You’re now leaving SPOILERville….
For a few seasons now, The Walking Dead has settled into an entertaining yet frustrating echo of what it once was. So, rather than wasting any time waxing nostalgic about the good old days, here are the pros and cons of this season as we sit at the halfway point:
The show’s overarching egregious sin is that it has long abandoned any sense of internal logic. Nearly all the things I find odious about The Walking Dead these days can be directly attributed to this.
For example, in Alpha we have another unintimidating, underwhelming antagonist whose threat to our heroes is nonsensically overstated and whose effectiveness relies on our protagonists acquiescing to her demands in ways that disintegrate several seasons of their own careful characterization. Moreover, Alpha’s power is derived from her threat to unleash a giant horde of walkers—a conundrum we’ve seen our heroes overcome multiple times in multiple ways throughout the previous nine-seasons of this series.

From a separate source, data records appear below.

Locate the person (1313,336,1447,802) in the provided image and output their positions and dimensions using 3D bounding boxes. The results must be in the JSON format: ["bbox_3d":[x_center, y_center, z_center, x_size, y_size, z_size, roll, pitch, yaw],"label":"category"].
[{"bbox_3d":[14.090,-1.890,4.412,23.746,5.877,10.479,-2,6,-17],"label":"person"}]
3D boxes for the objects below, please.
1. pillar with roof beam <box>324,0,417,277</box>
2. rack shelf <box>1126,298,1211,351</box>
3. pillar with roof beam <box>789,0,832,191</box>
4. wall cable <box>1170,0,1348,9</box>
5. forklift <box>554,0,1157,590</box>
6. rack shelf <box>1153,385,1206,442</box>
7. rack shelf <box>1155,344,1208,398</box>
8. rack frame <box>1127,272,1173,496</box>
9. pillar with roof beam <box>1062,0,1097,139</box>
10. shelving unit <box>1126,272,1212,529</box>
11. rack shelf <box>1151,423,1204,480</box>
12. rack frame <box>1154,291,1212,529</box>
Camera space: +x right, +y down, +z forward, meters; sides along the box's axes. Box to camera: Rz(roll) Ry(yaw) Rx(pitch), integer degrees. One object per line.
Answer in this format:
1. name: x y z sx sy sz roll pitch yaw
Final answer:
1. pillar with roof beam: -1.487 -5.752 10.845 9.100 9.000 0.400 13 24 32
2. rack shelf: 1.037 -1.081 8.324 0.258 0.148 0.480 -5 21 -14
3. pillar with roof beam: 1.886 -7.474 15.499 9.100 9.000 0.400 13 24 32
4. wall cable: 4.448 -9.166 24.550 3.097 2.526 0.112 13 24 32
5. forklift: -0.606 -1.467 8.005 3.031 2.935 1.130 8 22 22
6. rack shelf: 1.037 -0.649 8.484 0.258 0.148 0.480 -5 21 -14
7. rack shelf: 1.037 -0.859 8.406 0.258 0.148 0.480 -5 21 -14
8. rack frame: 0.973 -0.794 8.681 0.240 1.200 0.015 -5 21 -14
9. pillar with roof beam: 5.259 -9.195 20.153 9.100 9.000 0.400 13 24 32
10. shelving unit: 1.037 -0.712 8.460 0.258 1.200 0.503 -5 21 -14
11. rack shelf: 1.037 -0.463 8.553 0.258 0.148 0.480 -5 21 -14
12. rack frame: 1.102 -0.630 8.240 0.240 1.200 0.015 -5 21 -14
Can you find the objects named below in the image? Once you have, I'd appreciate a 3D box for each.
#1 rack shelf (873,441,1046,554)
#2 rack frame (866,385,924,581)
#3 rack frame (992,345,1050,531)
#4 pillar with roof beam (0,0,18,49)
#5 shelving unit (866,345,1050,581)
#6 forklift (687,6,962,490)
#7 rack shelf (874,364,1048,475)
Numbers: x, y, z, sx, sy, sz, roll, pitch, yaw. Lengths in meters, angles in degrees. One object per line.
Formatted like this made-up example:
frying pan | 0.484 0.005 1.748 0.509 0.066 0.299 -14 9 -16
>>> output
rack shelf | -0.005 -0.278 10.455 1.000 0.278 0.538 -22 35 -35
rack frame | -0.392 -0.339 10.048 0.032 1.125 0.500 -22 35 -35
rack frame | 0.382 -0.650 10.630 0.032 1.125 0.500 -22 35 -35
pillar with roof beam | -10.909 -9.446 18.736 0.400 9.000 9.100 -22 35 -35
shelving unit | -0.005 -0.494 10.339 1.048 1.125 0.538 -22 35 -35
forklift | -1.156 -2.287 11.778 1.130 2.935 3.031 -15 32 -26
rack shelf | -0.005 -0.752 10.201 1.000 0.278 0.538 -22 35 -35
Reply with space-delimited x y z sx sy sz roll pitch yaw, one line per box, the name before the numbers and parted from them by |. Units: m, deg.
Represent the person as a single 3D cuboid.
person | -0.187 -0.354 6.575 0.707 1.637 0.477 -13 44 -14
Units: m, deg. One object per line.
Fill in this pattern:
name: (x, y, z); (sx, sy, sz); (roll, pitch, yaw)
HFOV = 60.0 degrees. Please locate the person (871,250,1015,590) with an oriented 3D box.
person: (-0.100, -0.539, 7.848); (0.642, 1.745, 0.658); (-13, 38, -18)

Abandoning its own rules has become a necessity at this point just to make individual episodes play. The show’s stuck between the comic book source material—where some things only work on the page (like the entire concept of the Whisperers)—and its own divergent cinematic material. The result has seemingly left the writers with heroes that are too powerful, experienced, and self-assured to come up with compelling enough and believable enough sources of antagonism for them to battle. So over the past few seasons, sometimes Carol is a pacifist and sometimes she’s a stone-cold killer. It’s a lot like when Superman’s creator Jerry Siegel made up Kryptonite—a green rock that weakens Supes but also, and more importantly, a contrivance bestowing the bad guys with a chance to make things tough for Superman. Or as I like to call it: plot. Even so, buttressing Alpha’s power with such low-hanging conceptual fruit as the threat of “thousands of walkers” feels pretty hackneyed.
One thing this season is doing well is remembering that real life doesn’t stop during the zombie apocalypse—something that was a series strength early on but has been mostly abandoned since then. People get cancer. They get divorced. They get depressed. These things always suck, but they suck even worse with zombies. Spending time focusing on these issues allows the writers more headroom to develop a bad guy’s level of antagonism before that antagonism reaches the absurd levels of, say, Negan and the Saviors or Alpha and her plot-servicing “cult.”
Another compelling thread is the budding relationship between Daryl and Connie (Lauren Ridloff), a deaf survivor who was taken in by Hilltop. The nature of their relationship isn’t clear yet, and it’s mostly been inconsequential to the plot at large, but the performances of Reedus and Ridloff respectively have been a small pleasure this season.
So far, season 10 of The Walking Dead has been a bit understated in scope compared to last season and the result has been a stronger, more focused narrative. While it’s not a huge improvement—some episodes are still barely watchable—any improvement at this stage of the game is both rare and welcome. All aboard!